As their good friend, the deafening silence settles around them once more, Legend flips through the pages to get that abomination of an uncannily lifelike sketch out of his sight. The reproductions of the murals he remembers aren’t precisely… well done: he might have photographic memory, but back then his skills with brush and pen weren’t as good as they are now. He, like many of his family tree due to their ancestor’s only known name, has always been more of a musician than a painter. He has been practicing though, and his hand has gotten steadier around charcoal, so maybe he can re-do them? Or describe them to Ravio— who would probably make the whole thing come to life on accident, so perhaps it is not the best idea.

(Funnily enough, despite the Lorule Royal Family focusing on the visual arts for generations just like the Hyrule one focused on music, Ravio is also bad at drawing. Guess some things stay the same no matter the upbringing.)
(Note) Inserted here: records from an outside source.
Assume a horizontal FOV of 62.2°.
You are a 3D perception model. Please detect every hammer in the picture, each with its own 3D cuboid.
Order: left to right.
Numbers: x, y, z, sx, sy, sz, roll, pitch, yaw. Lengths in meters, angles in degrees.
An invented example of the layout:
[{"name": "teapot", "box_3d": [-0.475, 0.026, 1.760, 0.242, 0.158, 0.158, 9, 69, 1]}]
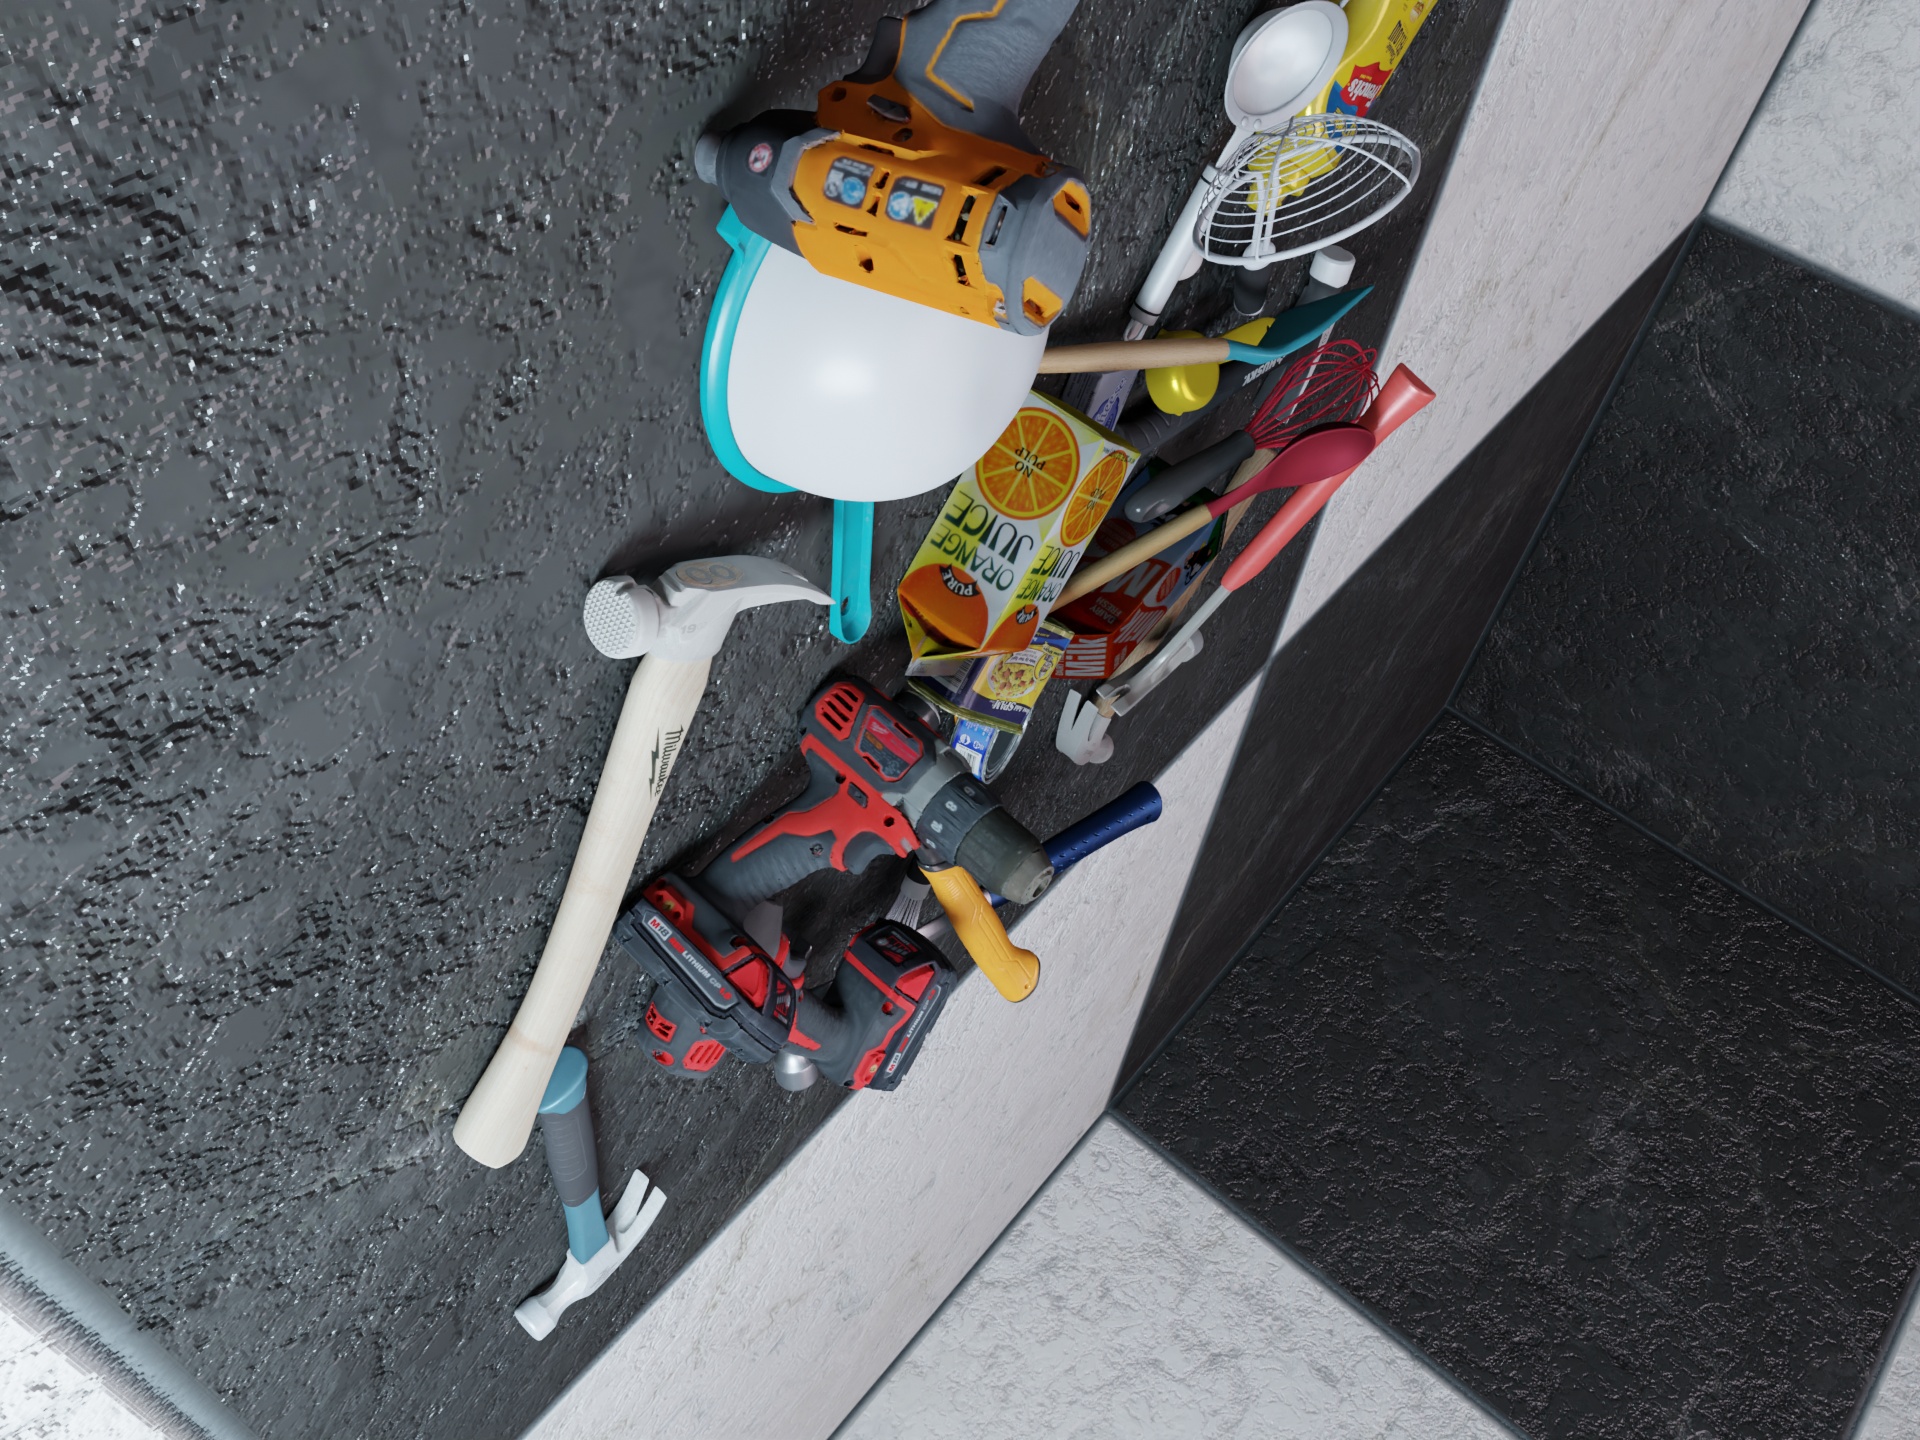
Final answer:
[{"name": "hammer", "box_3d": [-0.264, 0.319, 1.096, 0.128, 0.033, 0.330, -40, 155, -33]}, {"name": "hammer", "box_3d": [-0.193, 0.091, 0.875, 0.146, 0.038, 0.410, -15, 138, -52]}, {"name": "hammer", "box_3d": [-0.013, 0.125, 1.194, 0.127, 0.034, 0.336, -48, 139, -17]}, {"name": "hammer", "box_3d": [0.012, 0.145, 1.290, 0.405, 0.035, 0.144, -28, 133, -31]}, {"name": "hammer", "box_3d": [0.187, -0.103, 1.438, 0.331, 0.031, 0.130, -58, 160, 8]}, {"name": "hammer", "box_3d": [0.193, -0.250, 1.214, 0.335, 0.035, 0.146, -37, 153, -40]}, {"name": "hammer", "box_3d": [0.244, -0.141, 1.275, 0.149, 0.037, 0.359, -35, 168, -49]}]

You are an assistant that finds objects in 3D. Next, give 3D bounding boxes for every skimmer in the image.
[{"name": "skimmer", "box_3d": [0.203, -0.287, 1.002, 0.127, 0.090, 0.363, -26, 176, 6]}]

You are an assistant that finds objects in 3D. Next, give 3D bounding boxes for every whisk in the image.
[{"name": "whisk", "box_3d": [-0.047, 0.163, 1.307, 0.070, 0.070, 0.284, -18, 134, -59]}, {"name": "whisk", "box_3d": [0.228, -0.217, 1.213, 0.296, 0.073, 0.073, -33, 152, -31]}]

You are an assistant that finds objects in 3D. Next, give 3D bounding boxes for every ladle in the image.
[{"name": "ladle", "box_3d": [0.159, -0.139, 1.164, 0.315, 0.031, 0.069, -29, 155, -1]}]

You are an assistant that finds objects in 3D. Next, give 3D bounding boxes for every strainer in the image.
[{"name": "strainer", "box_3d": [-0.024, -0.142, 0.810, 0.211, 0.095, 0.340, -41, 155, -33]}, {"name": "strainer", "box_3d": [0.161, -0.346, 0.985, 0.086, 0.050, 0.258, -6, 137, -41]}]

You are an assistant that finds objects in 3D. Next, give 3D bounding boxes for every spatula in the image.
[{"name": "spatula", "box_3d": [0.151, -0.253, 1.044, 0.317, 0.082, 0.044, -14, 97, -39]}]

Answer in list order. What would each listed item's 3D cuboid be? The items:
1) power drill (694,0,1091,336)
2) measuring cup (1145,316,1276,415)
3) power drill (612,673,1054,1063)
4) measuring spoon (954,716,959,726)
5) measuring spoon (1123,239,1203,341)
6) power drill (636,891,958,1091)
[{"name": "power drill", "box_3d": [-0.006, -0.273, 0.593, 0.084, 0.164, 0.226, 3, 107, -67]}, {"name": "measuring cup", "box_3d": [0.191, -0.264, 1.136, 0.156, 0.029, 0.062, -31, 114, -36]}, {"name": "power drill", "box_3d": [-0.074, 0.101, 0.962, 0.227, 0.188, 0.080, -46, 158, -10]}, {"name": "measuring spoon", "box_3d": [-0.002, -0.004, 1.209, 0.021, 0.011, 0.116, -60, 165, -15]}, {"name": "measuring spoon", "box_3d": [0.130, -0.268, 1.066, 0.034, 0.018, 0.124, -12, 135, -62]}, {"name": "power drill", "box_3d": [-0.109, 0.181, 1.099, 0.219, 0.079, 0.143, 22, 99, -49]}]

As he looks at his childish drawings, he feels his memories wander to that particular adventure. The Gatekeeper, whose appearance is apparently forbidden as he can’t remember it no matter what, and his(?) words, the promise for a story he had to piece together slowly across years of nightmares. The entrance that led to the chamber he calls the hub was the only place where he felt at ease, scarcely decorated as it was, and when he remembers it nowadays he can easily tell that it was added after the whole thing was built. It was a small chamber made almost haphazardly, something he could vaguely recognize as either a tunnelling shield or maybe an archaeological excavation’s entrance point. The Gatekeeper disappeared afterwards, and the entrance after he tried going back was… older, somehow. As if years had passed, completely forgotten, with the few items he found looking as if they had been abandoned in a hurry.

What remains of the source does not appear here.